Collected data entries:
======
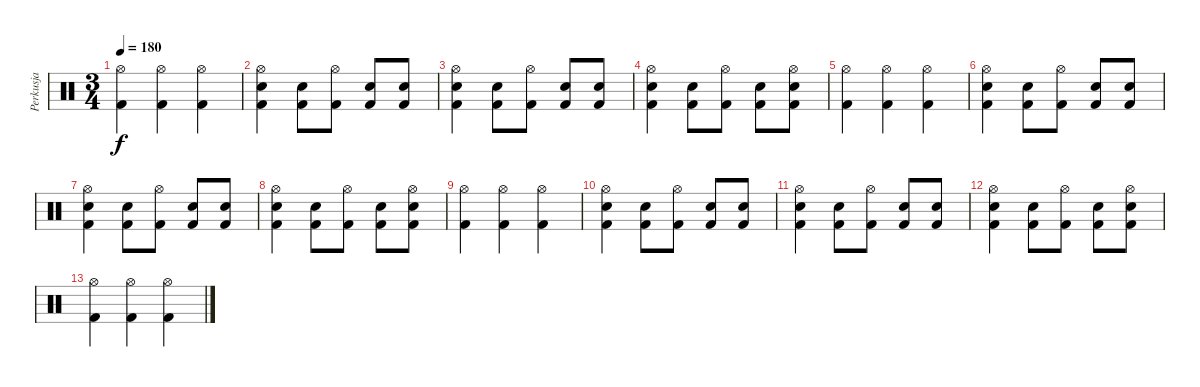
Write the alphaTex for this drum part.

\track ("Perkusja" "Perkusja") {instrument percussion}
\staff {score}
\articulation defaults
\ts (3 4)
\tempo 180
\clef neutral
\ks c
("Hi-Hat (open)" "Kick (hit) 2").4{dy f} ("Hi-Hat (open)" "Kick (hit) 2").4 ("Hi-Hat (open)" "Kick (hit) 2").4 |
("Hi-Hat (open)" "Snare (hit) 2" "Kick (hit) 2").4 ("Snare (hit) 2" "Kick (hit) 2").8 ("Hi-Hat (open)" "Kick (hit) 2").8 ("Snare (hit) 2" "Kick (hit) 2").8 ("Snare (hit) 2" "Kick (hit) 2").8 |
("Hi-Hat (open)" "Snare (hit) 2" "Kick (hit) 2").4 ("Snare (hit) 2" "Kick (hit) 2").8 ("Hi-Hat (open)" "Kick (hit) 2").8 ("Snare (hit) 2" "Kick (hit) 2").8 ("Snare (hit) 2" "Kick (hit) 2").8 |
("Hi-Hat (open)" "Snare (hit) 2" "Kick (hit) 2").4 ("Snare (hit) 2" "Kick (hit) 2").8 ("Hi-Hat (open)" "Kick (hit) 2").8 ("Snare (hit) 2" "Kick (hit) 2").8 ("Hi-Hat (open)" "Snare (hit) 2" "Kick (hit) 2").8 |
("Hi-Hat (open)" "Kick (hit) 2").4 ("Hi-Hat (open)" "Kick (hit) 2").4 ("Hi-Hat (open)" "Kick (hit) 2").4 |
("Hi-Hat (open)" "Snare (hit) 2" "Kick (hit) 2").4 ("Snare (hit) 2" "Kick (hit) 2").8 ("Hi-Hat (open)" "Kick (hit) 2").8 ("Snare (hit) 2" "Kick (hit) 2").8 ("Snare (hit) 2" "Kick (hit) 2").8 |
("Hi-Hat (open)" "Snare (hit) 2" "Kick (hit) 2").4 ("Snare (hit) 2" "Kick (hit) 2").8 ("Hi-Hat (open)" "Kick (hit) 2").8 ("Snare (hit) 2" "Kick (hit) 2").8 ("Snare (hit) 2" "Kick (hit) 2").8 |
("Hi-Hat (open)" "Snare (hit) 2" "Kick (hit) 2").4 ("Snare (hit) 2" "Kick (hit) 2").8 ("Hi-Hat (open)" "Kick (hit) 2").8 ("Snare (hit) 2" "Kick (hit) 2").8 ("Hi-Hat (open)" "Snare (hit) 2" "Kick (hit) 2").8 |
("Hi-Hat (open)" "Kick (hit) 2").4 ("Hi-Hat (open)" "Kick (hit) 2").4 ("Hi-Hat (open)" "Kick (hit) 2").4 |
("Hi-Hat (open)" "Snare (hit) 2" "Kick (hit) 2").4 ("Snare (hit) 2" "Kick (hit) 2").8 ("Hi-Hat (open)" "Kick (hit) 2").8 ("Snare (hit) 2" "Kick (hit) 2").8 ("Snare (hit) 2" "Kick (hit) 2").8 |
("Hi-Hat (open)" "Snare (hit) 2" "Kick (hit) 2").4 ("Snare (hit) 2" "Kick (hit) 2").8 ("Hi-Hat (open)" "Kick (hit) 2").8 ("Snare (hit) 2" "Kick (hit) 2").8 ("Snare (hit) 2" "Kick (hit) 2").8 |
("Hi-Hat (open)" "Snare (hit) 2" "Kick (hit) 2").4 ("Snare (hit) 2" "Kick (hit) 2").8 ("Hi-Hat (open)" "Kick (hit) 2").8 ("Snare (hit) 2" "Kick (hit) 2").8 ("Hi-Hat (open)" "Snare (hit) 2" "Kick (hit) 2").8 |
("Hi-Hat (open)" "Kick (hit) 2").4 ("Hi-Hat (open)" "Kick (hit) 2").4 ("Hi-Hat (open)" "Kick (hit) 2").4
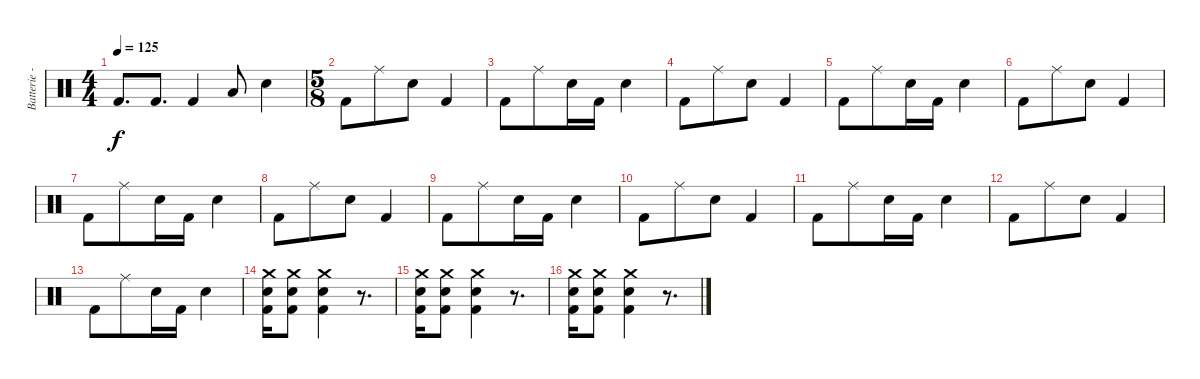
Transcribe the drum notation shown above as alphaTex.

\track ("Batterie - Shane Gaalaas" "Batterie -") {instrument percussion}
\staff {score}
\articulation defaults
\ts (4 4)
\tempo 125
\clef neutral
\ks c "Kick (hit) 2".8{d dy f} "Kick (hit) 2".8{d} "Kick (hit) 2".4 "Low Tom (hit)".8 "Electric Snare (hit)".4
|
\ts (5 8)
"Kick (hit) 2".8 "Ride (middle)".8 "Electric Snare (hit)".8 "Kick (hit) 2".4 |
"Kick (hit) 2".8 "Ride (middle)".8 "Electric Snare (hit)".16 "Kick (hit) 2".16 "Electric Snare (hit)".4 |
"Kick (hit) 2".8 "Ride (middle)".8 "Electric Snare (hit)".8 "Kick (hit) 2".4 |
"Kick (hit) 2".8 "Ride (middle)".8 "Electric Snare (hit)".16 "Kick (hit) 2".16 "Electric Snare (hit)".4 |
"Kick (hit) 2".8 "Ride (middle)".8 "Electric Snare (hit)".8 "Kick (hit) 2".4 |
"Kick (hit) 2".8 "Ride (middle)".8 "Electric Snare (hit)".16 "Kick (hit) 2".16 "Electric Snare (hit)".4 |
"Kick (hit) 2".8 "Ride (middle)".8 "Electric Snare (hit)".8 "Kick (hit) 2".4 |
"Kick (hit) 2".8 "Ride (middle)".8 "Electric Snare (hit)".16 "Kick (hit) 2".16 "Electric Snare (hit)".4 |
"Kick (hit) 2".8 "Ride (middle)".8 "Electric Snare (hit)".8 "Kick (hit) 2".4 |
"Kick (hit) 2".8 "Ride (middle)".8 "Electric Snare (hit)".16 "Kick (hit) 2".16 "Electric Snare (hit)".4 |
"Kick (hit) 2".8 "Ride (middle)".8 "Electric Snare (hit)".8 "Kick (hit) 2".4 |
"Kick (hit) 2".8 "Ride (middle)".8 "Electric Snare (hit)".16 "Kick (hit) 2".16 "Electric Snare (hit)".4 |
("Crash medium (hit)" "Electric Snare (hit)" "Kick (hit) 2").16 ("Crash medium (hit)" "Electric Snare (hit)" "Kick (hit) 2").8 ("Crash medium (hit)" "Electric Snare (hit)" "Kick (hit) 2").4 r.8{d} |
("Crash medium (hit)" "Electric Snare (hit)" "Kick (hit) 2").16 ("Crash medium (hit)" "Electric Snare (hit)" "Kick (hit) 2").8 ("Crash medium (hit)" "Electric Snare (hit)" "Kick (hit) 2").4 r.8{d} |
("Crash medium (hit)" "Electric Snare (hit)" "Kick (hit) 2").16 ("Crash medium (hit)" "Electric Snare (hit)" "Kick (hit) 2").8 ("Crash medium (hit)" "Electric Snare (hit)" "Kick (hit) 2").4 r.8{d}
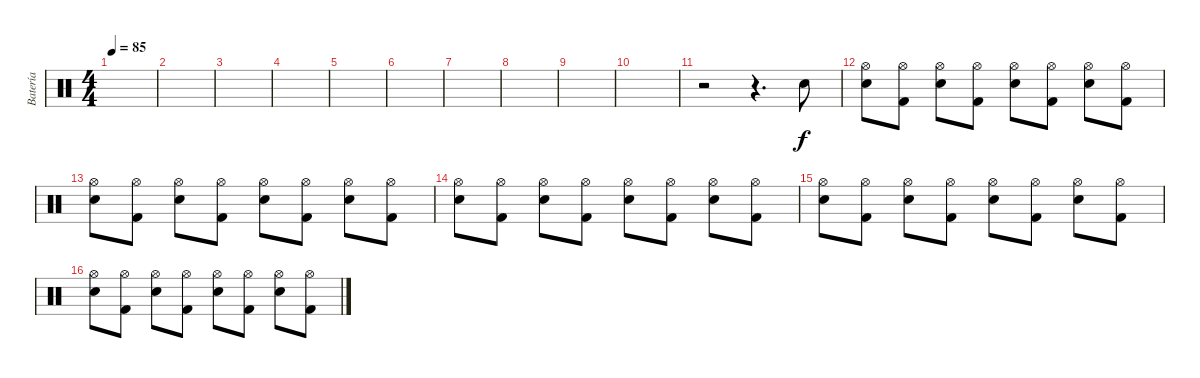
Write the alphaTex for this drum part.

\track ("Batería" "Batería") {instrument percussion}
\staff {score}
\articulation defaults
\ts (4 4)
\tempo 85
\clef neutral
\ks c
|
|
|
|
|
|
|
|
|
|
r.2 r.4{d} "Electric Snare (hit)".8 |
("Hi-Hat (open)" "Electric Snare (hit)").8 ("Hi-Hat (open)" "Kick (hit) 2").8 ("Hi-Hat (open)" "Electric Snare (hit)").8 ("Hi-Hat (open)" "Kick (hit) 2").8 ("Hi-Hat (open)" "Electric Snare (hit)").8 ("Hi-Hat (open)" "Kick (hit) 2").8 ("Hi-Hat (open)" "Electric Snare (hit)").8 ("Hi-Hat (open)" "Kick (hit) 2").8 |
("Hi-Hat (open)" "Electric Snare (hit)").8 ("Hi-Hat (open)" "Kick (hit) 2").8 ("Hi-Hat (open)" "Electric Snare (hit)").8 ("Hi-Hat (open)" "Kick (hit) 2").8 ("Hi-Hat (open)" "Electric Snare (hit)").8 ("Hi-Hat (open)" "Kick (hit) 2").8 ("Hi-Hat (open)" "Electric Snare (hit)").8 ("Hi-Hat (open)" "Kick (hit) 2").8 |
("Hi-Hat (open)" "Electric Snare (hit)").8 ("Hi-Hat (open)" "Kick (hit) 2").8 ("Hi-Hat (open)" "Electric Snare (hit)").8 ("Hi-Hat (open)" "Kick (hit) 2").8 ("Hi-Hat (open)" "Electric Snare (hit)").8 ("Hi-Hat (open)" "Kick (hit) 2").8 ("Hi-Hat (open)" "Electric Snare (hit)").8 ("Hi-Hat (open)" "Kick (hit) 2").8 |
("Hi-Hat (open)" "Electric Snare (hit)").8 ("Hi-Hat (open)" "Kick (hit) 2").8 ("Hi-Hat (open)" "Electric Snare (hit)").8 ("Hi-Hat (open)" "Kick (hit) 2").8 ("Hi-Hat (open)" "Electric Snare (hit)").8 ("Hi-Hat (open)" "Kick (hit) 2").8 ("Hi-Hat (open)" "Electric Snare (hit)").8 ("Hi-Hat (open)" "Kick (hit) 2").8 |
("Hi-Hat (open)" "Electric Snare (hit)").8 ("Hi-Hat (open)" "Kick (hit) 2").8 ("Hi-Hat (open)" "Electric Snare (hit)").8 ("Hi-Hat (open)" "Kick (hit) 2").8 ("Hi-Hat (open)" "Electric Snare (hit)").8 ("Hi-Hat (open)" "Kick (hit) 2").8 ("Hi-Hat (open)" "Electric Snare (hit)").8 ("Hi-Hat (open)" "Kick (hit) 2").8
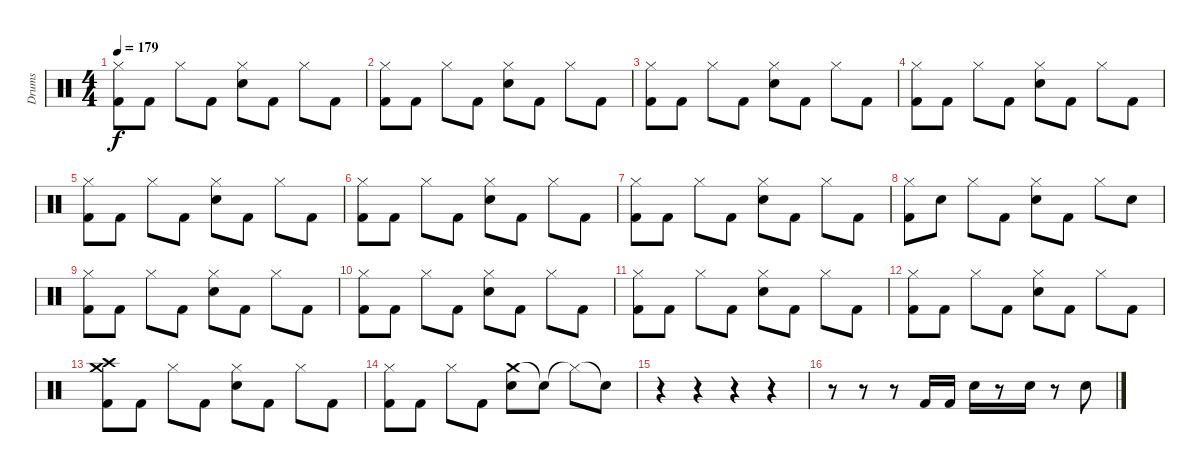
======
→ **Required work**
For every line in the data above that holds "track", return the line itself.

→ **Response box**
\track ("Perkusja" "Perkusja") {instrument percussion}
\track ("Batterie - Shane Gaalaas" "Batterie -") {instrument percussion}
\track ("Batería" "Batería") {instrument percussion}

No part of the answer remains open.